-- Task goal --
Copy out the entries exactly, from the first line to the last.

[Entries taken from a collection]

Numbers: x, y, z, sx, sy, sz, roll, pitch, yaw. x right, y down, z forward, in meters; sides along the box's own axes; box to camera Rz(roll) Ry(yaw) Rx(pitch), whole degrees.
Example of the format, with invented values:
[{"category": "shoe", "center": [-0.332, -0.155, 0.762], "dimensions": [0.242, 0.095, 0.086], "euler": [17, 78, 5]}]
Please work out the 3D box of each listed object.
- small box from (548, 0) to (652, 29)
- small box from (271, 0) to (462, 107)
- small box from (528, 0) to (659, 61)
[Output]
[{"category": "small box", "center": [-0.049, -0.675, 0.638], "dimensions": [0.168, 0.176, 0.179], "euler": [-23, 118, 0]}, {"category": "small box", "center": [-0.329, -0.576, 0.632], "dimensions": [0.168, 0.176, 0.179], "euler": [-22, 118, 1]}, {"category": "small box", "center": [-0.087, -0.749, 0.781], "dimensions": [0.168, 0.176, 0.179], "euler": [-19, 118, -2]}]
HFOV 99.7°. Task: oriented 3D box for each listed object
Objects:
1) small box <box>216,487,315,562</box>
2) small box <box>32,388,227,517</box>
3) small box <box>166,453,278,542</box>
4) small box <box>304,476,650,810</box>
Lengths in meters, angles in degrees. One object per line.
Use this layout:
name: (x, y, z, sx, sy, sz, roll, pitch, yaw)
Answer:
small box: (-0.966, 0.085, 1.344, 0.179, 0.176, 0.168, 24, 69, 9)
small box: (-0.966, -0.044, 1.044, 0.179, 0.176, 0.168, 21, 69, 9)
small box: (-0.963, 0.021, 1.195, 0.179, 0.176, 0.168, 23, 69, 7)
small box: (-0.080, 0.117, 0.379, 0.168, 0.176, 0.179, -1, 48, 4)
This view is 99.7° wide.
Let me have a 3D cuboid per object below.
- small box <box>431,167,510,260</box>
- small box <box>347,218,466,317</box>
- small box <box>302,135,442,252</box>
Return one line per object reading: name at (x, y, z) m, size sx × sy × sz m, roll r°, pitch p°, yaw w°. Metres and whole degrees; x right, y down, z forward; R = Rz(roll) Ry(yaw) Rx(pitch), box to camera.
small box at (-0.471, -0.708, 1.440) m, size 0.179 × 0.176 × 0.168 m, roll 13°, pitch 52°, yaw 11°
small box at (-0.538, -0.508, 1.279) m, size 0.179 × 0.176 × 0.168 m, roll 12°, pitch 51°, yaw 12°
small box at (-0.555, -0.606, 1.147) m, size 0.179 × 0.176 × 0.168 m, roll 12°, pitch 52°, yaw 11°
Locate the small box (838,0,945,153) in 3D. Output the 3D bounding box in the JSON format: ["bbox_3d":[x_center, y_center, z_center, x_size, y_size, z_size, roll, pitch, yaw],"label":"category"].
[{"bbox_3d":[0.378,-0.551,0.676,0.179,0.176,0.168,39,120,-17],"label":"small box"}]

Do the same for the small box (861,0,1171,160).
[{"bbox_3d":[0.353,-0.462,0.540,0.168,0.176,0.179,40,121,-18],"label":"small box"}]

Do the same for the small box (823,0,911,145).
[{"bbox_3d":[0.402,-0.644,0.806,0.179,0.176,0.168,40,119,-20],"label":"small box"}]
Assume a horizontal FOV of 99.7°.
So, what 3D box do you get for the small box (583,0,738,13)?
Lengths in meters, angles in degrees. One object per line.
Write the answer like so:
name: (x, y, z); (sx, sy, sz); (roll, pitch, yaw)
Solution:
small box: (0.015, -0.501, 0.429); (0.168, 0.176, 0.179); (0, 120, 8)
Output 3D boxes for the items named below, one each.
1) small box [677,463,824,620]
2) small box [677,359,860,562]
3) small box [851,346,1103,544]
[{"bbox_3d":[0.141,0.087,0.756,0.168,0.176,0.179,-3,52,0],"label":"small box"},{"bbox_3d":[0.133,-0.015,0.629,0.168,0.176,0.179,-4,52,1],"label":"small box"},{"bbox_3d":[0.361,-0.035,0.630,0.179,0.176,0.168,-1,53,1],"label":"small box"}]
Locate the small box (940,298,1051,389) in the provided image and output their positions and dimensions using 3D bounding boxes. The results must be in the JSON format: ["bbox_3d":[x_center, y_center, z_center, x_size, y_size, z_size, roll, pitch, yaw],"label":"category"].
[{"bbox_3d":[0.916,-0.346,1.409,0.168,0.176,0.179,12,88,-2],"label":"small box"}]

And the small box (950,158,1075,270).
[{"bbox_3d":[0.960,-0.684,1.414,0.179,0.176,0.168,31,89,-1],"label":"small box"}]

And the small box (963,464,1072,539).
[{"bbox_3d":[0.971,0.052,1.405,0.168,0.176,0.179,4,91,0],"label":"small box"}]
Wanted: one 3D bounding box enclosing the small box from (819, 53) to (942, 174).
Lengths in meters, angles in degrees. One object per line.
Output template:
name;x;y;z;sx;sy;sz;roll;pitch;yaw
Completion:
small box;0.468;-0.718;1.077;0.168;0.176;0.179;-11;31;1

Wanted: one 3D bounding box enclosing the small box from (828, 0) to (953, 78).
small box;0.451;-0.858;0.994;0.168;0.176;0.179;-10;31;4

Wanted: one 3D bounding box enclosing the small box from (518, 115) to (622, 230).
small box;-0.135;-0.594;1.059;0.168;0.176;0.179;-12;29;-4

-- Solution to this exercise --
Numbers: x, y, z, sx, sy, sz, roll, pitch, yaw. x right, y down, z forward, in meters; sides along the box's own axes; box to camera Rz(roll) Ry(yaw) Rx(pitch), whole degrees.
Example of the format, with invented values:
[{"category": "shoe", "center": [-0.332, -0.155, 0.762], "dimensions": [0.242, 0.095, 0.086], "euler": [17, 78, 5]}]
Please work out the 3D box of each listed object.
- small box from (548, 0) to (652, 29)
- small box from (271, 0) to (462, 107)
- small box from (528, 0) to (659, 61)
[Output]
[{"category": "small box", "center": [-0.049, -0.675, 0.638], "dimensions": [0.168, 0.176, 0.179], "euler": [-23, 118, 0]}, {"category": "small box", "center": [-0.329, -0.576, 0.632], "dimensions": [0.168, 0.176, 0.179], "euler": [-22, 118, 1]}, {"category": "small box", "center": [-0.087, -0.749, 0.781], "dimensions": [0.168, 0.176, 0.179], "euler": [-19, 118, -2]}]
HFOV 99.7°. Task: oriented 3D box for each listed object
Objects:
1) small box <box>216,487,315,562</box>
2) small box <box>32,388,227,517</box>
3) small box <box>166,453,278,542</box>
4) small box <box>304,476,650,810</box>
Lengths in meters, angles in degrees. One object per line.
Use this layout:
name: (x, y, z, sx, sy, sz, roll, pitch, yaw)
Answer:
small box: (-0.966, 0.085, 1.344, 0.179, 0.176, 0.168, 24, 69, 9)
small box: (-0.966, -0.044, 1.044, 0.179, 0.176, 0.168, 21, 69, 9)
small box: (-0.963, 0.021, 1.195, 0.179, 0.176, 0.168, 23, 69, 7)
small box: (-0.080, 0.117, 0.379, 0.168, 0.176, 0.179, -1, 48, 4)
This view is 99.7° wide.
Let me have a 3D cuboid per object below.
- small box <box>431,167,510,260</box>
- small box <box>347,218,466,317</box>
- small box <box>302,135,442,252</box>
Return one line per object reading: name at (x, y, z) m, size sx × sy × sz m, roll r°, pitch p°, yaw w°. Metres and whole degrees; x right, y down, z forward; R = Rz(roll) Ry(yaw) Rx(pitch), box to camera.
small box at (-0.471, -0.708, 1.440) m, size 0.179 × 0.176 × 0.168 m, roll 13°, pitch 52°, yaw 11°
small box at (-0.538, -0.508, 1.279) m, size 0.179 × 0.176 × 0.168 m, roll 12°, pitch 51°, yaw 12°
small box at (-0.555, -0.606, 1.147) m, size 0.179 × 0.176 × 0.168 m, roll 12°, pitch 52°, yaw 11°
Locate the small box (838,0,945,153) in 3D. Output the 3D bounding box in the JSON format: ["bbox_3d":[x_center, y_center, z_center, x_size, y_size, z_size, roll, pitch, yaw],"label":"category"].
[{"bbox_3d":[0.378,-0.551,0.676,0.179,0.176,0.168,39,120,-17],"label":"small box"}]

Do the same for the small box (861,0,1171,160).
[{"bbox_3d":[0.353,-0.462,0.540,0.168,0.176,0.179,40,121,-18],"label":"small box"}]

Do the same for the small box (823,0,911,145).
[{"bbox_3d":[0.402,-0.644,0.806,0.179,0.176,0.168,40,119,-20],"label":"small box"}]
Assume a horizontal FOV of 99.7°.
So, what 3D box do you get for the small box (583,0,738,13)?
Lengths in meters, angles in degrees. One object per line.
Write the answer like so:
name: (x, y, z); (sx, sy, sz); (roll, pitch, yaw)
Solution:
small box: (0.015, -0.501, 0.429); (0.168, 0.176, 0.179); (0, 120, 8)
Output 3D boxes for the items named below, one each.
1) small box [677,463,824,620]
2) small box [677,359,860,562]
3) small box [851,346,1103,544]
[{"bbox_3d":[0.141,0.087,0.756,0.168,0.176,0.179,-3,52,0],"label":"small box"},{"bbox_3d":[0.133,-0.015,0.629,0.168,0.176,0.179,-4,52,1],"label":"small box"},{"bbox_3d":[0.361,-0.035,0.630,0.179,0.176,0.168,-1,53,1],"label":"small box"}]
Locate the small box (940,298,1051,389) in the provided image and output their positions and dimensions using 3D bounding boxes. The results must be in the JSON format: ["bbox_3d":[x_center, y_center, z_center, x_size, y_size, z_size, roll, pitch, yaw],"label":"category"].
[{"bbox_3d":[0.916,-0.346,1.409,0.168,0.176,0.179,12,88,-2],"label":"small box"}]

And the small box (950,158,1075,270).
[{"bbox_3d":[0.960,-0.684,1.414,0.179,0.176,0.168,31,89,-1],"label":"small box"}]

And the small box (963,464,1072,539).
[{"bbox_3d":[0.971,0.052,1.405,0.168,0.176,0.179,4,91,0],"label":"small box"}]
Wanted: one 3D bounding box enclosing the small box from (819, 53) to (942, 174).
Lengths in meters, angles in degrees. One object per line.
Output template:
name;x;y;z;sx;sy;sz;roll;pitch;yaw
Completion:
small box;0.468;-0.718;1.077;0.168;0.176;0.179;-11;31;1

Wanted: one 3D bounding box enclosing the small box from (828, 0) to (953, 78).
small box;0.451;-0.858;0.994;0.168;0.176;0.179;-10;31;4

Wanted: one 3D bounding box enclosing the small box from (518, 115) to (622, 230).
small box;-0.135;-0.594;1.059;0.168;0.176;0.179;-12;29;-4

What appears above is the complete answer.